- **WHAT IS REQUIRED**: Leaving out all pictures, reproduce the entries below exactly, from the first line through the line that contains "from ezdxf.enums import".

(TASK INPUTS begins)

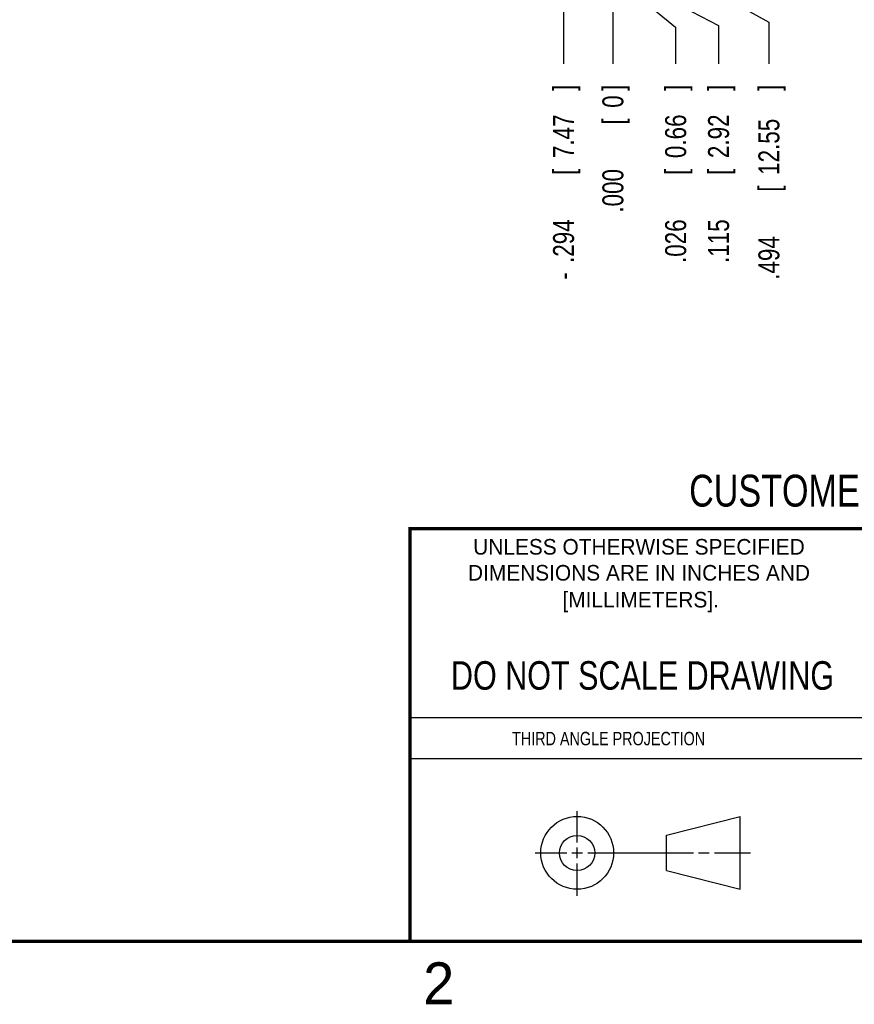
# Model space of a CAD drawing. Header units: inches. Extents: x 0 to 22, y 0 to 17.
# Tile 2 of 8: x 11.3 to 16.3, y 0.1 to 6. Entities that reach past the tile are written whole.
import ezdxf
from ezdxf.enums import TextEntityAlignment as Align

# ---------------------------------------------------------------- set-up
doc = ezdxf.new("R2010")
doc.units = ezdxf.units.IN
doc.header["$LTSCALE"] = 1.21
doc.header["$MEASUREMENT"] = 0
doc.layers.get('0').update_dxf_attribs({"linetype": 'CONTINUOUS'})
doc.layers.add('DIMENSIONS', color=7, linetype='CONTINUOUS')
doc.styles.get("Standard").update_dxf_attribs({"font": 'txt', "width": 0.8})
doc.dimstyles.new('DIMSTYLE_2', dxfattribs={"dimtxt": 0.125, "dimasz": 0.18, "dimexe": 0.18, "dimexo": 0.0625, "dimgap": 0.09, "dimtad": 0, "dimtih": 1, "dimtoh": 1, "dimdec": 3, "dimzin": 4, "dimdsep": 46, "dimtxsty": 'STANDARD', "dimblk": '_FILLED', "dimblk1": '_FILLED', "dimblk2": '_FILLED', "dimcen": 0.09, "dimadec": 0, "dimazin": 0, "dimtp": 0.01, "dimtm": 0.01, "dimtfac": 1, "dimtdec": 3, "dimtofl": 0, "dimtmove": 0, "dimatfit": 3, "dimldrblk": '_FILLED', "dimfxl": 1, "dimtolj": 1, "dimtzin": 4, "dimarcsym": 0})

# ---------------------------------------------------------------- blocks, each defined once
blk = doc.blocks.new('*D14')
at = {"layer": 'DIMENSIONS', "color": 2, "linetype": 'CONTINUOUS'}
blk.add_line((14.5245, 6.3732), (14.5245, 5.7303), dxfattribs=at)
at = {"layer": 'DIMENSIONS', "color": 2, "linetype": 'CONTINUOUS', "width": 0.8}
for s, p in [(']', (14.587, 5.5678)), ('7.47', (14.587, 5.1678)), ('[', (14.587, 5.0678)), ('.294', (14.587, 4.5428)), ('-', (14.587, 4.4428))]:
    blk.add_text(s, height=0.125, rotation=90, dxfattribs=at).set_placement(p)
blk = doc.blocks.new('_FILLED')
at = {"color": 0, "linetype": 'BYBLOCK'}
blk.add_solid([(0, 0), (-1, 0.174), (-1, -0.174)], dxfattribs=at)
blk = doc.blocks.new('*D15')
at = {"layer": 'DIMENSIONS', "color": 1, "linetype": 'CONTINUOUS'}
blk.add_line((14.8185, 6.4252), (14.8185, 5.7303), dxfattribs=at)
at = {"layer": 'DIMENSIONS', "color": 1, "linetype": 'CONTINUOUS', "width": 0.8}
for s, p in [(']', (14.881, 5.5678)), ('0', (14.881, 5.4678)), ('[', (14.881, 5.3678)), ('.000', (14.881, 4.8428))]:
    blk.add_text(s, height=0.125, rotation=90, dxfattribs=at).set_placement(p)
blk = doc.blocks.new('*D16')
at = {"layer": 'DIMENSIONS', "color": 2, "linetype": 'CONTINUOUS'}
for p, q in [((15.3125, 6.3732), (15.3125, 6.2203)), ((15.3125, 6.2203), (15.7485, 5.9772)), ((15.7485, 5.9772), (15.7485, 5.7303))]:
    blk.add_line(p, q, dxfattribs=at)
at = {"layer": 'DIMENSIONS', "color": 2, "linetype": 'CONTINUOUS', "width": 0.8}
for s, p in [(']', (15.811, 5.5678)), ('12.55', (15.811, 5.0678)), ('[', (15.811, 4.9678)), ('.494', (15.811, 4.4428))]:
    blk.add_text(s, height=0.125, rotation=90, dxfattribs=at).set_placement(p)
blk = doc.blocks.new('*D17')
at = {"layer": 'DIMENSIONS', "color": 2, "linetype": 'CONTINUOUS'}
for p, q in [((14.9334, 7.7664), (14.9334, 6.2266)), ((14.9334, 6.2266), (15.4485, 5.9582)), ((15.4485, 5.9582), (15.4485, 5.7303))]:
    blk.add_line(p, q, dxfattribs=at)
at = {"layer": 'DIMENSIONS', "color": 2, "linetype": 'CONTINUOUS', "width": 0.8}
for s, p in [(']', (15.511, 5.5678)), ('2.92', (15.511, 5.1678)), ('[', (15.511, 5.0678)), ('.115', (15.511, 4.5428))]:
    blk.add_text(s, height=0.125, rotation=90, dxfattribs=at).set_placement(p)
blk = doc.blocks.new('*D18')
at = {"layer": 'DIMENSIONS', "color": 2, "linetype": 'CONTINUOUS'}
for p, q in [((14.8446, 8.2207), (14.8446, 6.233)), ((14.8446, 6.233), (15.1927, 5.9488)), ((15.1927, 5.9488), (15.1927, 5.7303))]:
    blk.add_line(p, q, dxfattribs=at)
at = {"layer": 'DIMENSIONS', "color": 2, "linetype": 'CONTINUOUS', "width": 0.8}
for s, p in [(']', (15.2552, 5.5678)), ('0.66', (15.2552, 5.1678)), ('[', (15.2552, 5.0678)), ('.026', (15.2552, 4.5428))]:
    blk.add_text(s, height=0.125, rotation=90, dxfattribs=at).set_placement(p)

msp = doc.modelspace()

# ---------------------------------------------------------------- linework, layer by layer
at = {"color": 2, "linetype": 'CONTINUOUS'}
for p, q in [((13.61, 1.835), (16.375, 1.835)), ((16.375, 1.5888), (13.61, 1.5888)), ((14.6059, 1.0901), (14.6059, 1.2769)), ((14.6059, 0.9964), (14.6059, 1.0589)), ((14.3557, 1.0276), (14.5434, 1.0276)), ((14.5747, 1.0276), (14.6372, 1.0276)), ((14.6684, 1.0276), (15.2987, 1.0276)), ((15.3299, 1.0276), (15.3924, 1.0276)), ((15.4237, 1.0276), (15.6394, 1.0276)), ((14.6059, 0.7723), (14.6059, 0.9651))]:
    msp.add_line(p, q, dxfattribs=at)
at = {"color": 7, "linetype": 'CONTINUOUS'}
for p, q in [((15.1374, 1.132), (15.5769, 1.2447)), ((15.5769, 0.8105), (15.5769, 1.2447)), ((15.1374, 0.9219), (15.1374, 1.132)), ((15.1374, 0.9219), (15.5769, 0.8105))]:
    msp.add_line(p, q, dxfattribs=at)
at = {"color": 7, "linetype": 'CONTINUOUS', "const_width": 0.02}
for points in [[(13.6, 2.9595), (21.5, 2.96)], [(13.61, 0.5), (13.61, 2.96)], [(0.5, 0.5), (21.5, 0.5)]]:
    msp.add_lwpolyline(points, dxfattribs=at)
at = {"color": 7, "linetype": 'CONTINUOUS'}
for centre, radius in [((14.6059, 1.0276), 0.2171), ((14.6054, 1.0269), 0.105)]:
    msp.add_circle(centre, radius, dxfattribs=at)

# ---------------------------------------------------------------- texts
at = {"color": 7, "linetype": 'CONTINUOUS', "width": 0.8}
for s, height, p in [('CUSTOMER DRAWING', 0.19, (16.3742, 3.0911)), ('DO NOT SCALE DRAWING', 0.17, (14.9953, 1.9998))]:
    msp.add_text(s, height=height, dxfattribs=at).set_placement(p, align=Align.CENTER)
at = {"color": 2, "linetype": 'CONTINUOUS'}
for s, p in [('UNLESS OTHERWISE SPECIFIED', (14.9742, 2.8049)), ('DIMENSIONS ARE IN INCHES AND', (14.9742, 2.6501)), ('[MILLIMETERS].', (14.9844, 2.4899))]:
    msp.add_text(s, height=0.093, dxfattribs=at).set_placement(p, align=Align.CENTER)
at = {"color": 2, "linetype": 'CONTINUOUS', "width": 0.8}
msp.add_text('THIRD ANGLE PROJECTION', height=0.08, dxfattribs=at).set_placement((14.2178, 1.6686))
at = {"color": 2, "linetype": 'CONTINUOUS'}
msp.add_text('2', height=0.25, dxfattribs=at).set_placement((13.6875, 0.125))

# ---------------------------------------------------------------- dimensions: what is measured, and where the dimension line sits
at = {"layer": 'DIMENSIONS', "color": 2, "linetype": 'CONTINUOUS'}
for feature_location, offset, origin, picture, middle in [((14.8446035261, 8.2207347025), (0.3481317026, -2.4904828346), (14.8184932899, 8.2832347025), '*D18', (15.1927352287, 5.1052518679)), ((14.9334302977, 7.7664118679), (0.5150777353, -2.03616), (14.8184932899, 7.8289118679), '*D17', (15.448508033, 5.1052518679)), ((15.3124932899, 6.3731779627), (0.4359951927, -0.6429260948), (14.8184932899, 6.4356779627), '*D16', (15.7484884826, 5.0552518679))]:
    dim = msp.add_ordinate_dim(feature_location=feature_location, offset=offset, dtype=0, origin=origin, dimstyle='DIMSTYLE_2', dxfattribs=at)
    dim.commit()
    dim.dimension.update_dxf_attribs({"geometry": picture, "text_midpoint": middle})
dim = msp.add_ordinate_dim(feature_location=(14.5245, 6.3732), offset=(0, -0.6429), dtype=1, origin=(14.8185, 6.4877), text='-<>', dimstyle='DIMSTYLE_2', dxfattribs=at)
dim.commit()
dim.dimension.update_dxf_attribs({"geometry": '*D14', "text_midpoint": (14.5245, 5.0553)})
at = {"layer": 'DIMENSIONS', "color": 1, "linetype": 'CONTINUOUS'}
dim = msp.add_ordinate_dim(feature_location=(14.8184932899, 6.4251518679), offset=(0, -0.6949), dtype=1, origin=(14.8184932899, 6.4876518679), dimstyle='DIMSTYLE_2', dxfattribs=at)
dim.commit()
dim.dimension.update_dxf_attribs({"geometry": '*D15', "text_midpoint": (14.8184932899, 5.2552518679)})

doc.saveas('drawing.dxf')

(TASK INPUTS ends)

- **YOUR RESPONSE**:
# Model space of a CAD drawing. Header units: inches. Extents: x 0 to 22, y 0 to 17.
# Tile 2 of 8: x 11.3 to 16.3, y 0.1 to 6. Entities that reach past the tile are written whole.
import ezdxf
from ezdxf.enums import TextEntityAlignment as Align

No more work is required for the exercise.